Like a low-flying aircraft, Eastwood loops around the consummate professionals whose skills save innocent civilians, and the mealy-mouthed (but never truly malicious) aviation bureaucrats who ultimately come to respect the pilots’ quick thinking. Sully finds heroism in calm, modest and humane crisis management: a system working exactly as it should. So why did it feel so flat to me, so bland and padded out? Perhaps because it wasn’t strange. Everything about it added up.
[Who are you wearing? The racism and appropriation inherent in fash-speak]
In 1969, astronomer and UFO researcher Josef Allen Hynek sought to measure strangeness as the difficulty a scientist faces in assigning a physical explanation to a reported activity. When an activity resists explanation to the point where it appears terrifying or absurd, this is “high strangeness”.
But an older, literary tradition — epitomised by horror author H.P. Lovecraft, self-directed researcher Charles Fort and cartoonist Robert “Believe It Or Not!” Ripley — treats strangeness more ambivalently.

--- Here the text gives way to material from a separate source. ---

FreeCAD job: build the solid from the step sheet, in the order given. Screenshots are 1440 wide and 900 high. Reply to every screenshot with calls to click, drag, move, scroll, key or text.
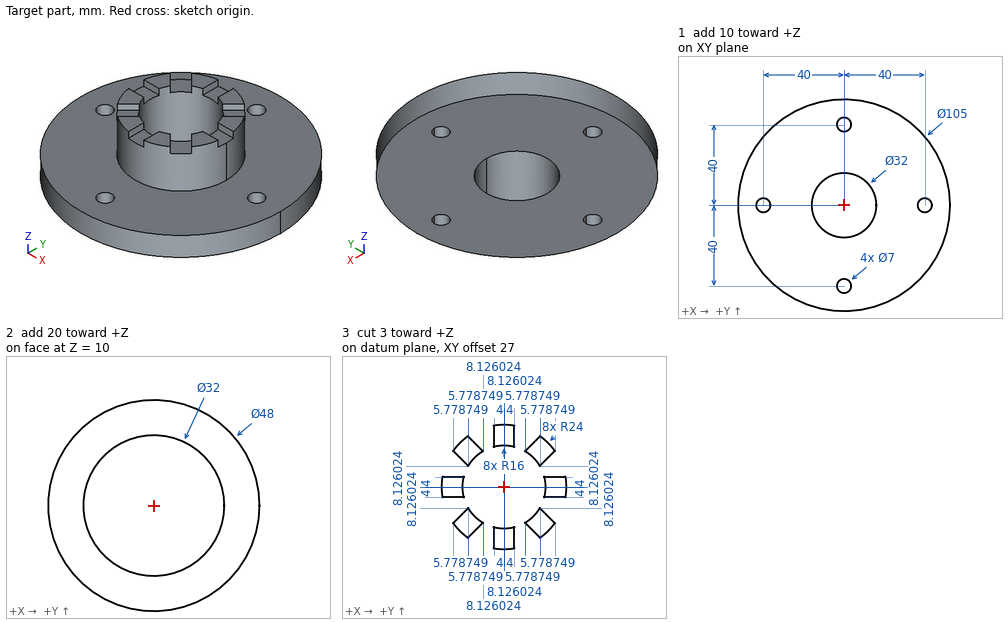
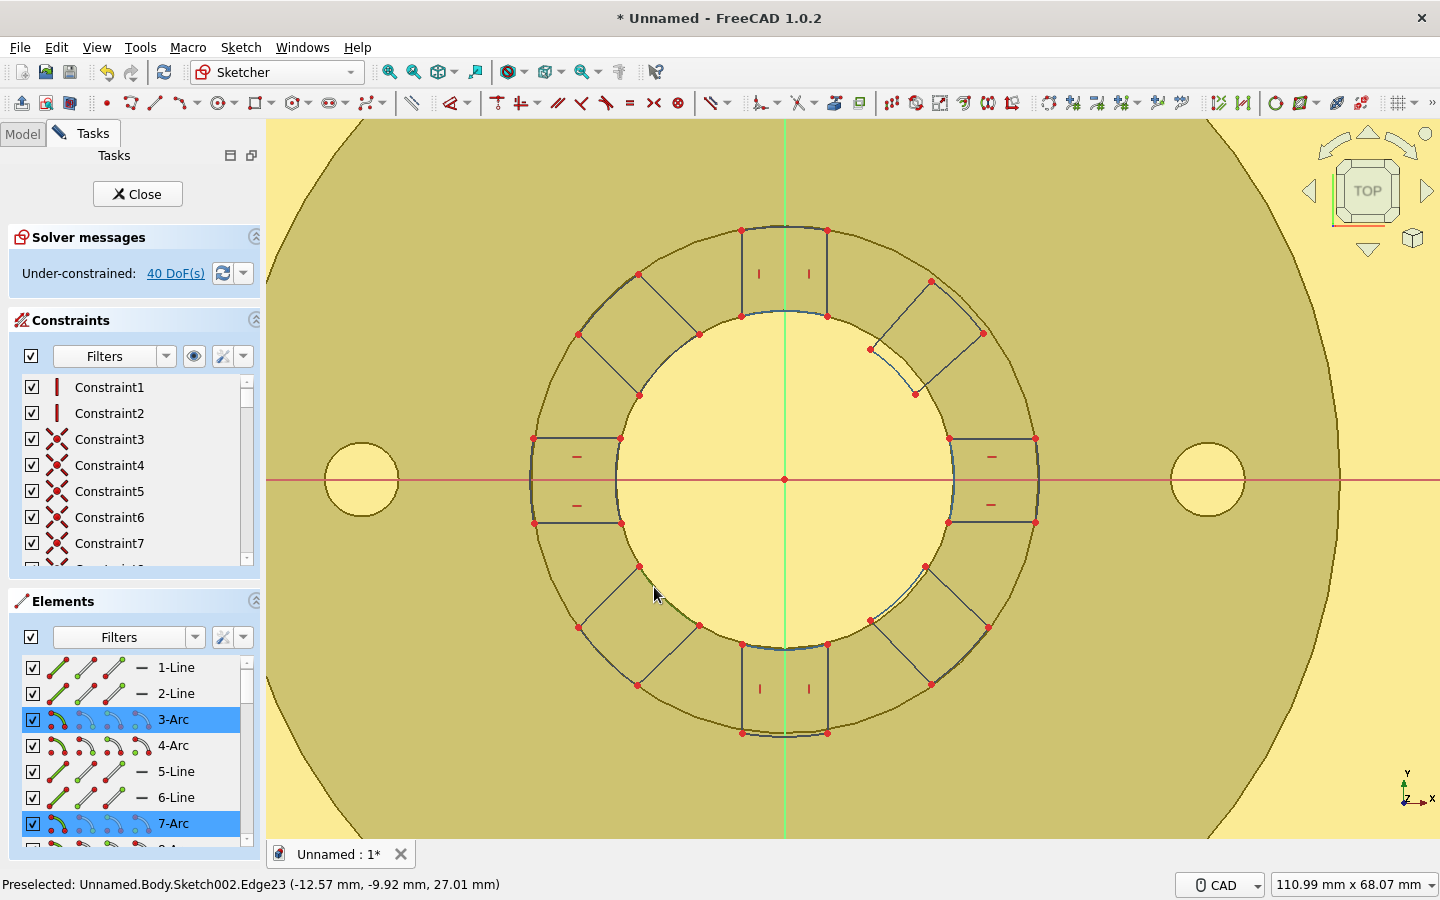
click(616, 464)

Wired journalist Clive Thompson has observed that Lovecraft’s stories chart “the collapse of language in the face of an emotionally unhinging reality”. Or, as people say online: “I can’t even.”
Regarding the Tromp case, Johnston and Mills write: “The truth about what happened to these people, good people who mean well and work hard, was not black and white but mired in a kind of grey area that most of us can’t deal with thinking about.”
What if we’re sick of dealing with thinking? What if we enjoy being unable to even? To call the Tromp case a “mystery” isn’t quite accurate, because mysteries offer the cosy promise of resolution. Instead, the Tromp affair provoked in media audiences an uneasy, uncanny fascination, because nobody could explain it — least of all the Tromps.
In a widely shared blog post last March, Steve Coast argued that major disasters are becoming increasingly eccentric because global safety systems have anticipated and prevented most common contingencies. Mental illness, natural events and ideological violence are less predictable and hence less explicable. “Ultimately, this is why the world is getting weirder, and will continue to do so,” wrote Coast. “Now with global media you get to hear about it all.”
Similarly, the media’s impulse to create narratives that explain just about everything has provoked an eruption of online memes: shareable concepts that take on meaning in their sharing. Writing at The Atlantic, Venkatesh Rao compares Sully to the strangest meme of 2016: Harambe.
In May, Cincinnati Zoo keepers controversially shot and killed a 17-year-old lowland gorilla named Harambe to protect a small child who’d climbed into the enclosure. Harambe became the most free-floating of memes, Rao argues, because his death resisted coherence and closure. It wasn’t “about” animal rights, negligent parenting or zoo procedures. Rather, Harambe has become strange: more than what it was.
Sully’s “Miracle on the Hudson” was one of the defining moments of live-tweeted news because it was an eruption of strangeness — a plane landing on an inner-city river. But while Twitter stayed weird, Sully was quickly recuperated into familiar media narratives of heroism.
“It is perhaps Clint Eastwood movies that are out of place in this world, in that they offer no acknowledgement or accommodation of the great weirding that defines our times — only escapist fantasies set in worlds of moral meaning and emotional closure,” argues Rao. “In a world defined by Harambe, Sully is emotional science fiction.”
We crave strangeness not just in spite of a media environment dominated by the certainties of “hot takes” and “explainer” articles, but because of it. The most alluring media stories are those most at home in genre fiction and the Fortean terrain of pop-psychology and conspiracy theory. Where Sully stayed safely grounded, Mark Tromp and his family took flight. And no matter what “really” happened to them, they took our imaginations along for the ride.